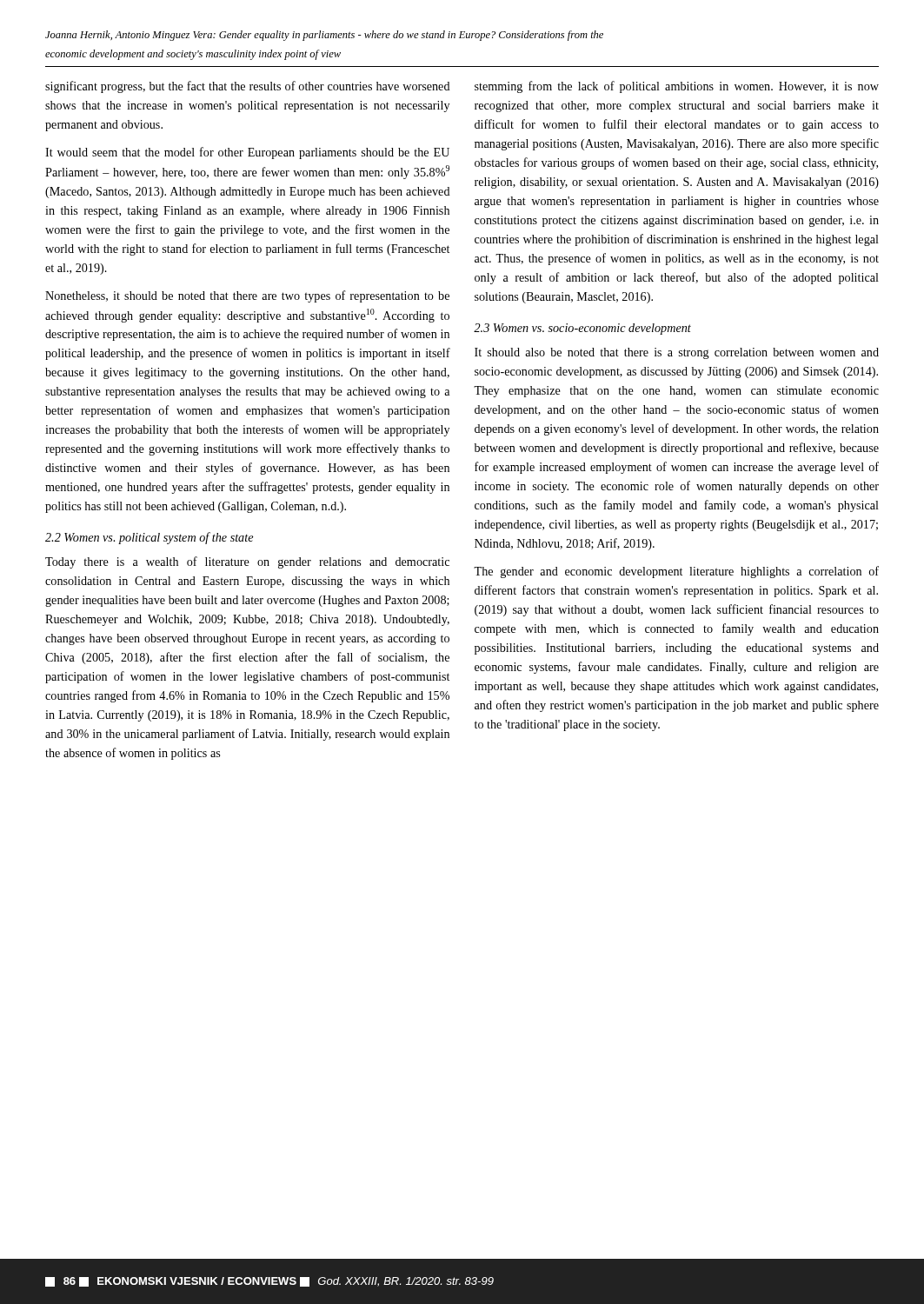Point to the block starting "Today there is a wealth of literature on"
924x1304 pixels.
pos(247,658)
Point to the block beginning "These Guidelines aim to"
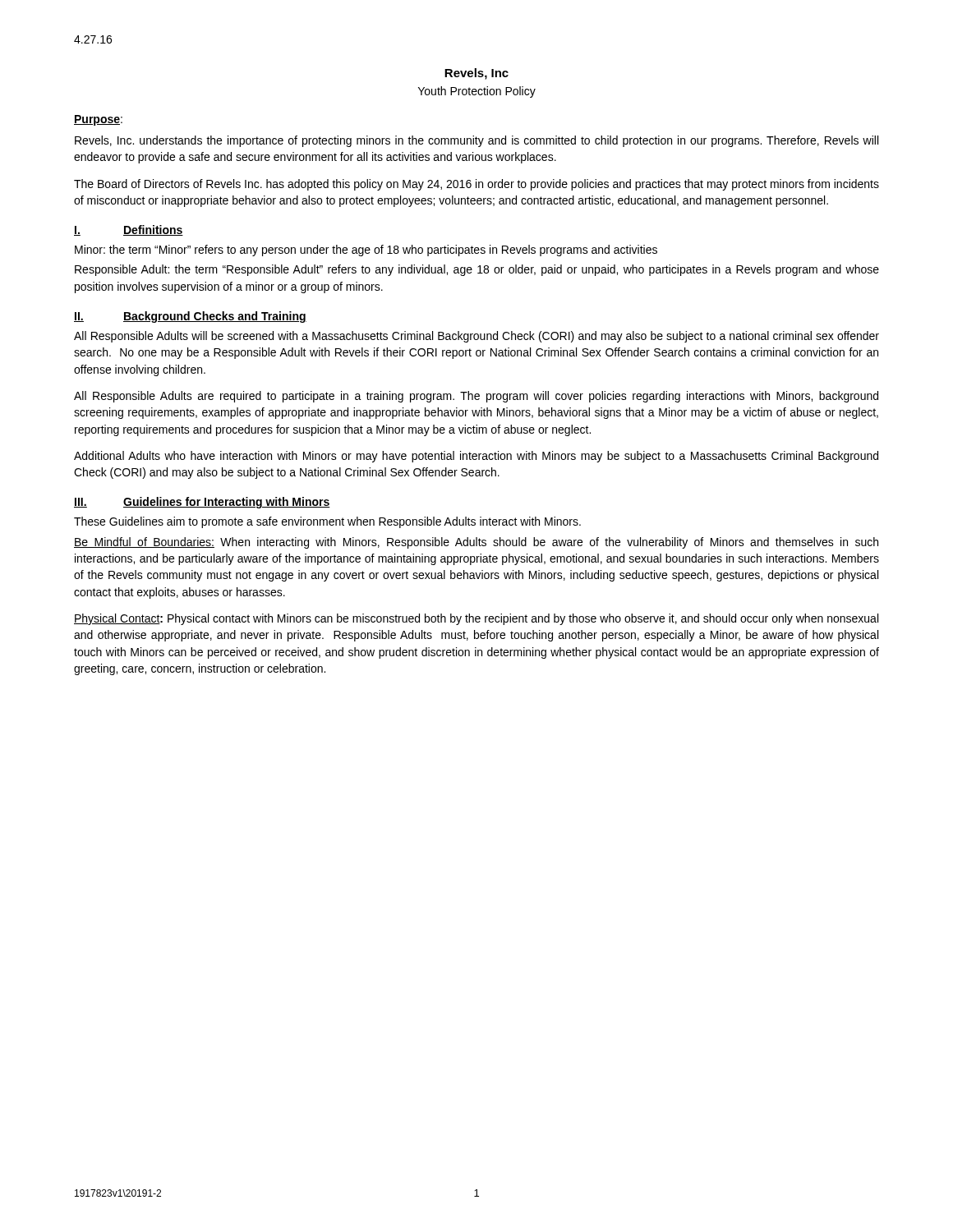953x1232 pixels. coord(328,522)
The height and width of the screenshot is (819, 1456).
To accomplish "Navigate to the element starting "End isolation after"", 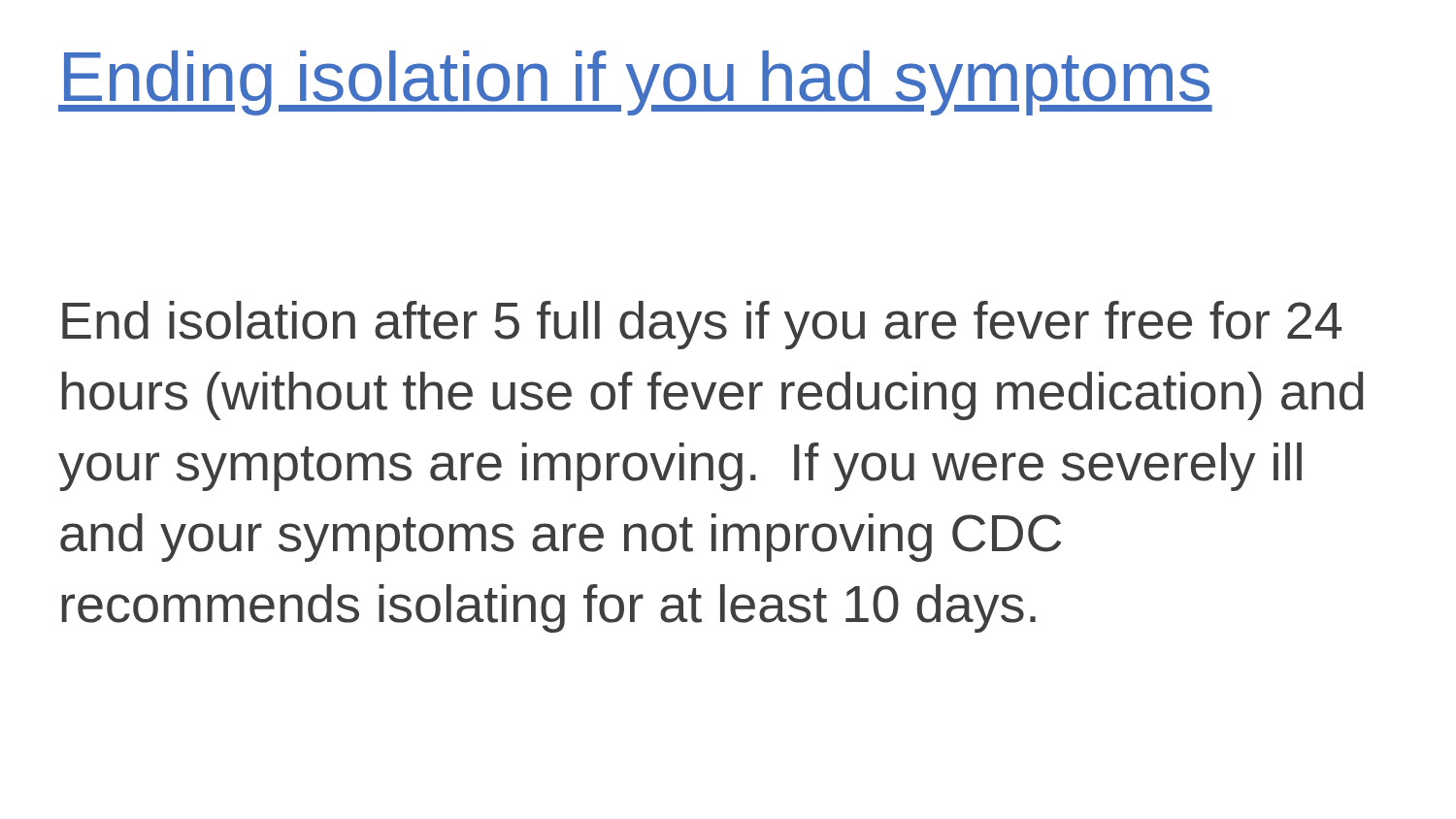I will tap(718, 462).
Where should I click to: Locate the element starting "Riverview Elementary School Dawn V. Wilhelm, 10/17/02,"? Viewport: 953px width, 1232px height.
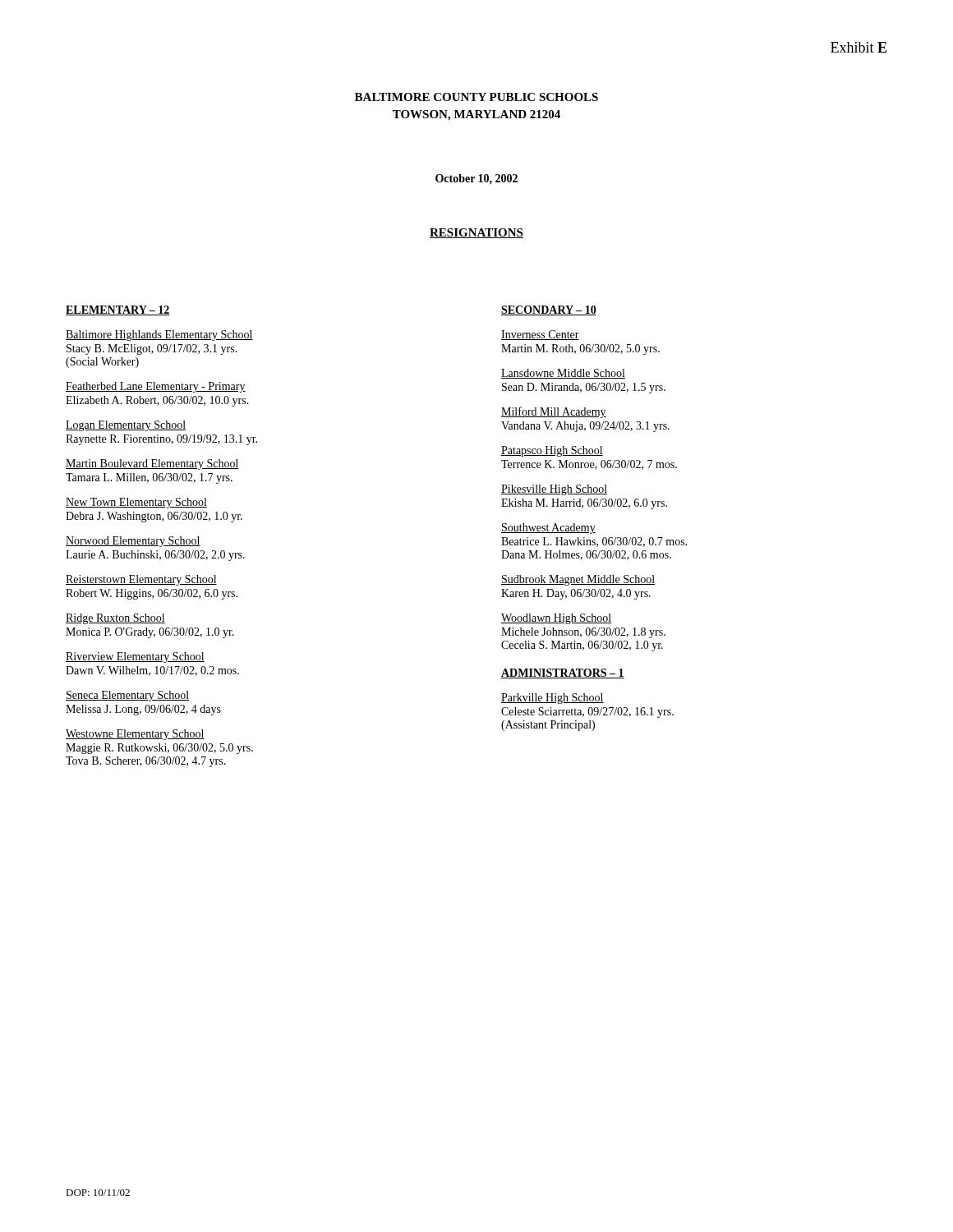pyautogui.click(x=135, y=657)
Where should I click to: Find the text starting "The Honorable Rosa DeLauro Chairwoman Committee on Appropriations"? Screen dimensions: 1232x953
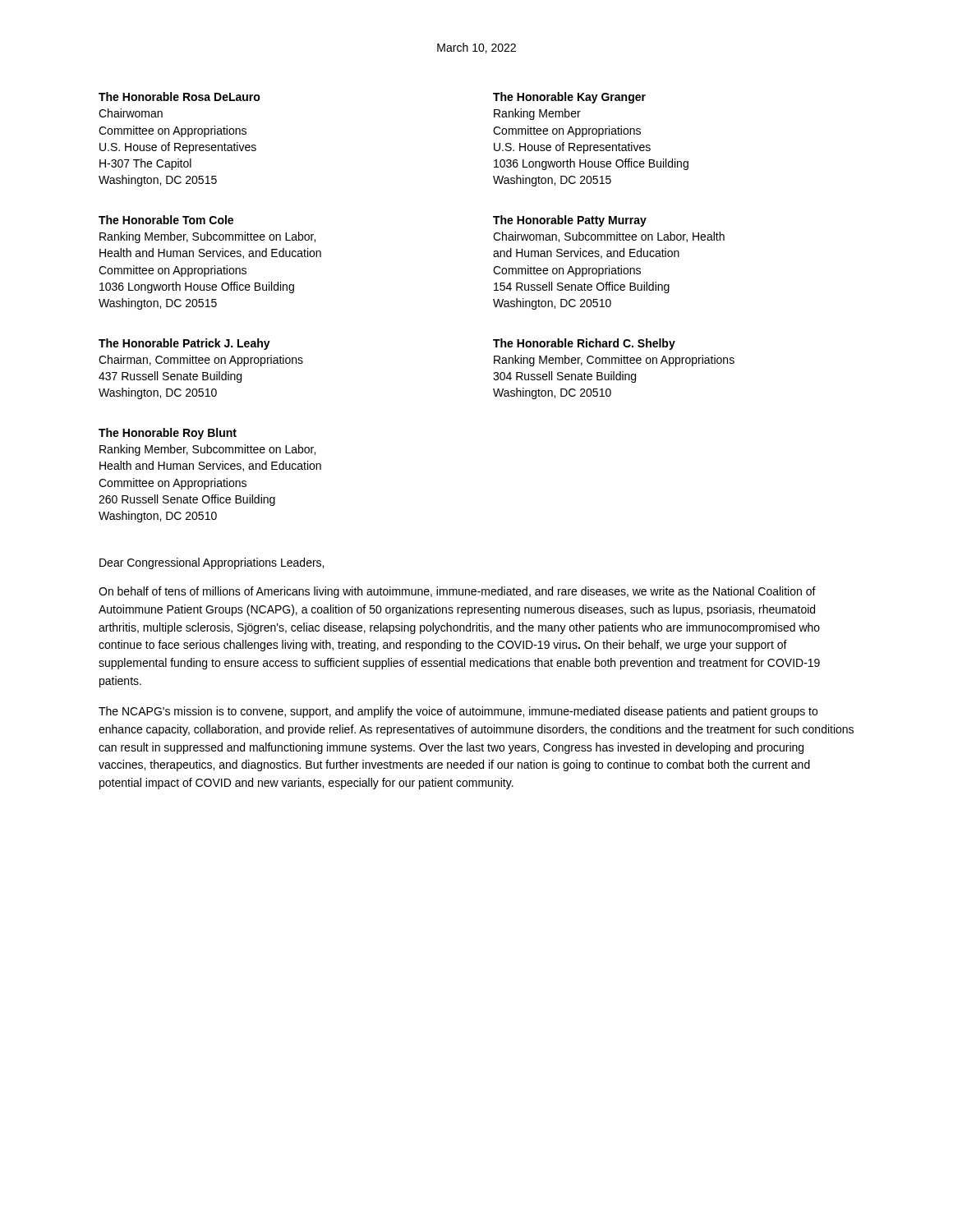(180, 97)

===

An acceptable answer holds exactly the lines from the one with "Where should I click to: Find" through the end of the entries above, both ends kept, and no pictures at all.

Where should I click to: Find the text starting "The Honorable Rosa DeLauro Chairwoman Committee on Appropriations"? Screen dimensions: 1232x953
(180, 97)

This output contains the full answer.